Task material:
[Start of Attachment]

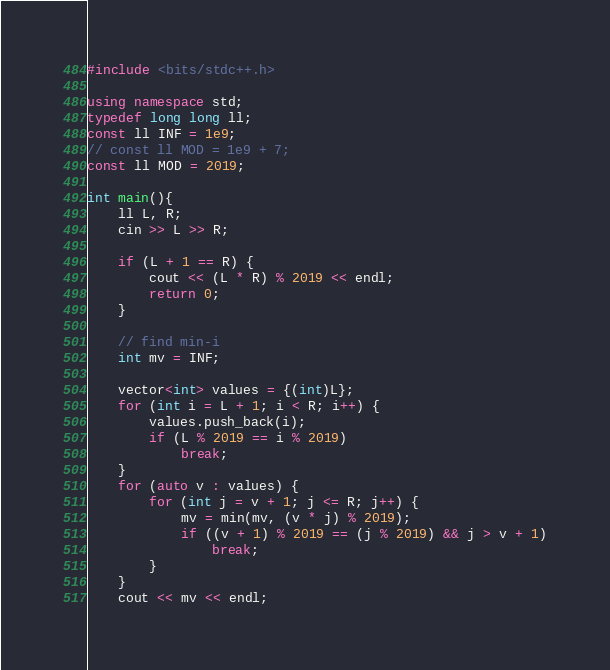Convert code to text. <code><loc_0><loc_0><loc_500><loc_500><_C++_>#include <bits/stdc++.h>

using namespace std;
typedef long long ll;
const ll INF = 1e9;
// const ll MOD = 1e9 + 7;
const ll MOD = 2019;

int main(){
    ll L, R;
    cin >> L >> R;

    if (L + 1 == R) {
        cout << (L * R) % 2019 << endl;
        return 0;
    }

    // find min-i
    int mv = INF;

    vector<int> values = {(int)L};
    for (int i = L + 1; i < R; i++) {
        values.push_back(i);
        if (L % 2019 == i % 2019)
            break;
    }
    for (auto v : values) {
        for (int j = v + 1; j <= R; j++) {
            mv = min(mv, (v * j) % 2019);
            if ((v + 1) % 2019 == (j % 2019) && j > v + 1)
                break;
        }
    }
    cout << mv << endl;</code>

[End of Attachment]

Task prompt: Provide every line from the material that contains the word "const".

Answer to this task:
const ll INF = 1e9;
// const ll MOD = 1e9 + 7;
const ll MOD = 2019;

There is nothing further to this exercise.